───── SUPPLIED MATERIAL
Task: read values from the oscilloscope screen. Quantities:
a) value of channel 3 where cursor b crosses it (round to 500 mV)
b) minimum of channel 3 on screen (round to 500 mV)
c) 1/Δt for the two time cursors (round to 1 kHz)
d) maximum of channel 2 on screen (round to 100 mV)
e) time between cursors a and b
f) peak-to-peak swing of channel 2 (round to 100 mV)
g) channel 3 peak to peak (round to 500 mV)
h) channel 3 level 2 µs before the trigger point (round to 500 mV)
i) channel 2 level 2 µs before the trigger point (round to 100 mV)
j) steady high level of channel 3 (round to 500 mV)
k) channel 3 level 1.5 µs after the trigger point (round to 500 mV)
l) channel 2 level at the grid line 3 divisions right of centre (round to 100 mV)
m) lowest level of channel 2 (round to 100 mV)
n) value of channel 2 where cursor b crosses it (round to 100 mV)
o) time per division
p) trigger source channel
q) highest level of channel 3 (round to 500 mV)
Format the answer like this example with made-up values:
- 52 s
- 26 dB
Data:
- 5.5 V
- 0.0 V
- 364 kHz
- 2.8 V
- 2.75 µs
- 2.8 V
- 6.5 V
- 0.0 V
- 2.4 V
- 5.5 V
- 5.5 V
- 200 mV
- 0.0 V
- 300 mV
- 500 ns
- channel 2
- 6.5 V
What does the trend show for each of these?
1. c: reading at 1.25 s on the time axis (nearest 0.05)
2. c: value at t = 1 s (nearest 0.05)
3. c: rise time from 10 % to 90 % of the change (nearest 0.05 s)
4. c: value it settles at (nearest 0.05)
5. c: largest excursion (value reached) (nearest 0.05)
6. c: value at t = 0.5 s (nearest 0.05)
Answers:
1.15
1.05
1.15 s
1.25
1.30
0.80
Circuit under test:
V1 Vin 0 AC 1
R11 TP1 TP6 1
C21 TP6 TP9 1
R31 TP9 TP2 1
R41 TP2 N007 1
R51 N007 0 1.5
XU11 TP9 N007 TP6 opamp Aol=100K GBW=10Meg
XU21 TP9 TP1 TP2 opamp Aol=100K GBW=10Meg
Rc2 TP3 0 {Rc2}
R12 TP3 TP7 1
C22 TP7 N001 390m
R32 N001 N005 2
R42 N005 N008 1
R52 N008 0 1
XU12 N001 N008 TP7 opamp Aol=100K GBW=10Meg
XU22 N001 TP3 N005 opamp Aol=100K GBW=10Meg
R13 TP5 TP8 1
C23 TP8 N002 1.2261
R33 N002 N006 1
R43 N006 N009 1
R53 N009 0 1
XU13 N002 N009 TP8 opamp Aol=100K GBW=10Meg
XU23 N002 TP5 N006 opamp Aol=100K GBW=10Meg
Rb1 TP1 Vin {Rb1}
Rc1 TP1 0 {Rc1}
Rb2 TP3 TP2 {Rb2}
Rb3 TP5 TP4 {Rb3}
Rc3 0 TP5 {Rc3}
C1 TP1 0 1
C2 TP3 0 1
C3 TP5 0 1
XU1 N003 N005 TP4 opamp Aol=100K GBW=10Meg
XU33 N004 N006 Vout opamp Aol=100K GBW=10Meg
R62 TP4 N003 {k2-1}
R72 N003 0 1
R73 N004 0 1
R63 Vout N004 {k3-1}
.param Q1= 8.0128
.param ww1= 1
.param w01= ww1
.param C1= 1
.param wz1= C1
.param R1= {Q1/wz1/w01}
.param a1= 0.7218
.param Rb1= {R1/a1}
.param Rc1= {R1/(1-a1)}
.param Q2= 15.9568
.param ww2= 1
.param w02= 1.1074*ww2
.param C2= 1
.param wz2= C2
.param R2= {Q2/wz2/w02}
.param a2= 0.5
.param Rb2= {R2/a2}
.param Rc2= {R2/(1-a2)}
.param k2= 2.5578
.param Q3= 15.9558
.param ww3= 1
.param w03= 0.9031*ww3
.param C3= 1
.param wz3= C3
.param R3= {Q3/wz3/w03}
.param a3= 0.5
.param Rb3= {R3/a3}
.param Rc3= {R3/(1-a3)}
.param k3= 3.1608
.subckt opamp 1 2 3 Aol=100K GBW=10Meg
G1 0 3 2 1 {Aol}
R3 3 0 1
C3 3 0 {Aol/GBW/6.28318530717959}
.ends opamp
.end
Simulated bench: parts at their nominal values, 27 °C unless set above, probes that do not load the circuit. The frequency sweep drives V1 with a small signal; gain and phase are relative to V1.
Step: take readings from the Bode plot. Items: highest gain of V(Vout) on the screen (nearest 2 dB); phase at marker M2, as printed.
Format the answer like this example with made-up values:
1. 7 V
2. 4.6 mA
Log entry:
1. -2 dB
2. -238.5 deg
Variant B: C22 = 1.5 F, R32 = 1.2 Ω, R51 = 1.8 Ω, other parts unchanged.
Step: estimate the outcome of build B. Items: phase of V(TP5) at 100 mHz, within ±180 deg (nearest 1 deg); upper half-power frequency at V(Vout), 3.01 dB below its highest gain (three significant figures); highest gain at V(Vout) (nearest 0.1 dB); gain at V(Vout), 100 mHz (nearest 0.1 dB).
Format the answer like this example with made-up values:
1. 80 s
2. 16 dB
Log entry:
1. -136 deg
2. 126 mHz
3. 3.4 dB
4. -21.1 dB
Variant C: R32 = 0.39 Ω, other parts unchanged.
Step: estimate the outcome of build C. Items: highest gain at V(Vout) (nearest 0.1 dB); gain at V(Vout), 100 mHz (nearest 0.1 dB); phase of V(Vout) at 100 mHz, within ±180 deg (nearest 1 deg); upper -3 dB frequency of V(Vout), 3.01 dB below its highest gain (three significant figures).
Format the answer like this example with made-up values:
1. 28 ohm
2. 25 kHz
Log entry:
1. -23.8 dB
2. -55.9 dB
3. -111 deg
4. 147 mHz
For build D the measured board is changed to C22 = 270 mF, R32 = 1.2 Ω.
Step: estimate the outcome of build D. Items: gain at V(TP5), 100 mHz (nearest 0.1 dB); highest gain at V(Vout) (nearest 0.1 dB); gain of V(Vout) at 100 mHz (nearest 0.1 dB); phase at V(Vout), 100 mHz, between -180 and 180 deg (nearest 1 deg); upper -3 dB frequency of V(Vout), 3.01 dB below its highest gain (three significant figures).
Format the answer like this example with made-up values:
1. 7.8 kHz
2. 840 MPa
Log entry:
──────────
» **EXERCISE INSTRUCTIONS**:
The answer must restate all of the entries exactly.

» **YOUR RESPONSE**:
Task: read values from the oscilloscope screen. Quantities:
a) value of channel 3 where cursor b crosses it (round to 500 mV)
b) minimum of channel 3 on screen (round to 500 mV)
c) 1/Δt for the two time cursors (round to 1 kHz)
d) maximum of channel 2 on screen (round to 100 mV)
e) time between cursors a and b
f) peak-to-peak swing of channel 2 (round to 100 mV)
g) channel 3 peak to peak (round to 500 mV)
h) channel 3 level 2 µs before the trigger point (round to 500 mV)
i) channel 2 level 2 µs before the trigger point (round to 100 mV)
j) steady high level of channel 3 (round to 500 mV)
k) channel 3 level 1.5 µs after the trigger point (round to 500 mV)
l) channel 2 level at the grid line 3 divisions right of centre (round to 100 mV)
m) lowest level of channel 2 (round to 100 mV)
n) value of channel 2 where cursor b crosses it (round to 100 mV)
o) time per division
p) trigger source channel
q) highest level of channel 3 (round to 500 mV)
Format the answer like this example with made-up values:
- 52 s
- 26 dB
Data:
- 5.5 V
- 0.0 V
- 364 kHz
- 2.8 V
- 2.75 µs
- 2.8 V
- 6.5 V
- 0.0 V
- 2.4 V
- 5.5 V
- 5.5 V
- 200 mV
- 0.0 V
- 300 mV
- 500 ns
- channel 2
- 6.5 V
What does the trend show for each of these?
1. c: reading at 1.25 s on the time axis (nearest 0.05)
2. c: value at t = 1 s (nearest 0.05)
3. c: rise time from 10 % to 90 % of the change (nearest 0.05 s)
4. c: value it settles at (nearest 0.05)
5. c: largest excursion (value reached) (nearest 0.05)
6. c: value at t = 0.5 s (nearest 0.05)
Answers:
1.15
1.05
1.15 s
1.25
1.30
0.80
Circuit under test:
V1 Vin 0 AC 1
R11 TP1 TP6 1
C21 TP6 TP9 1
R31 TP9 TP2 1
R41 TP2 N007 1
R51 N007 0 1.5
XU11 TP9 N007 TP6 opamp Aol=100K GBW=10Meg
XU21 TP9 TP1 TP2 opamp Aol=100K GBW=10Meg
Rc2 TP3 0 {Rc2}
R12 TP3 TP7 1
C22 TP7 N001 390m
R32 N001 N005 2
R42 N005 N008 1
R52 N008 0 1
XU12 N001 N008 TP7 opamp Aol=100K GBW=10Meg
XU22 N001 TP3 N005 opamp Aol=100K GBW=10Meg
R13 TP5 TP8 1
C23 TP8 N002 1.2261
R33 N002 N006 1
R43 N006 N009 1
R53 N009 0 1
XU13 N002 N009 TP8 opamp Aol=100K GBW=10Meg
XU23 N002 TP5 N006 opamp Aol=100K GBW=10Meg
Rb1 TP1 Vin {Rb1}
Rc1 TP1 0 {Rc1}
Rb2 TP3 TP2 {Rb2}
Rb3 TP5 TP4 {Rb3}
Rc3 0 TP5 {Rc3}
C1 TP1 0 1
C2 TP3 0 1
C3 TP5 0 1
XU1 N003 N005 TP4 opamp Aol=100K GBW=10Meg
XU33 N004 N006 Vout opamp Aol=100K GBW=10Meg
R62 TP4 N003 {k2-1}
R72 N003 0 1
R73 N004 0 1
R63 Vout N004 {k3-1}
.param Q1= 8.0128
.param ww1= 1
.param w01= ww1
.param C1= 1
.param wz1= C1
.param R1= {Q1/wz1/w01}
.param a1= 0.7218
.param Rb1= {R1/a1}
.param Rc1= {R1/(1-a1)}
.param Q2= 15.9568
.param ww2= 1
.param w02= 1.1074*ww2
.param C2= 1
.param wz2= C2
.param R2= {Q2/wz2/w02}
.param a2= 0.5
.param Rb2= {R2/a2}
.param Rc2= {R2/(1-a2)}
.param k2= 2.5578
.param Q3= 15.9558
.param ww3= 1
.param w03= 0.9031*ww3
.param C3= 1
.param wz3= C3
.param R3= {Q3/wz3/w03}
.param a3= 0.5
.param Rb3= {R3/a3}
.param Rc3= {R3/(1-a3)}
.param k3= 3.1608
.subckt opamp 1 2 3 Aol=100K GBW=10Meg
G1 0 3 2 1 {Aol}
R3 3 0 1
C3 3 0 {Aol/GBW/6.28318530717959}
.ends opamp
.end
Simulated bench: parts at their nominal values, 27 °C unless set above, probes that do not load the circuit. The frequency sweep drives V1 with a small signal; gain and phase are relative to V1.
Step: take readings from the Bode plot. Items: highest gain of V(Vout) on the screen (nearest 2 dB); phase at marker M2, as printed.
Format the answer like this example with made-up values:
1. 7 V
2. 4.6 mA
Log entry:
1. -2 dB
2. -238.5 deg
Variant B: C22 = 1.5 F, R32 = 1.2 Ω, R51 = 1.8 Ω, other parts unchanged.
Step: estimate the outcome of build B. Items: phase of V(TP5) at 100 mHz, within ±180 deg (nearest 1 deg); upper half-power frequency at V(Vout), 3.01 dB below its highest gain (three significant figures); highest gain at V(Vout) (nearest 0.1 dB); gain at V(Vout), 100 mHz (nearest 0.1 dB).
Format the answer like this example with made-up values:
1. 80 s
2. 16 dB
Log entry:
1. -136 deg
2. 126 mHz
3. 3.4 dB
4. -21.1 dB
Variant C: R32 = 0.39 Ω, other parts unchanged.
Step: estimate the outcome of build C. Items: highest gain at V(Vout) (nearest 0.1 dB); gain at V(Vout), 100 mHz (nearest 0.1 dB); phase of V(Vout) at 100 mHz, within ±180 deg (nearest 1 deg); upper -3 dB frequency of V(Vout), 3.01 dB below its highest gain (three significant figures).
Format the answer like this example with made-up values:
1. 28 ohm
2. 25 kHz
Log entry:
1. -23.8 dB
2. -55.9 dB
3. -111 deg
4. 147 mHz
For build D the measured board is changed to C22 = 270 mF, R32 = 1.2 Ω.
Step: estimate the outcome of build D. Items: gain at V(TP5), 100 mHz (nearest 0.1 dB); highest gain at V(Vout) (nearest 0.1 dB); gain of V(Vout) at 100 mHz (nearest 0.1 dB); phase at V(Vout), 100 mHz, between -180 and 180 deg (nearest 1 deg); upper -3 dB frequency of V(Vout), 3.01 dB below its highest gain (three significant figures).
Format the answer like this example with made-up values:
1. 7.8 kHz
2. 840 MPa
Log entry:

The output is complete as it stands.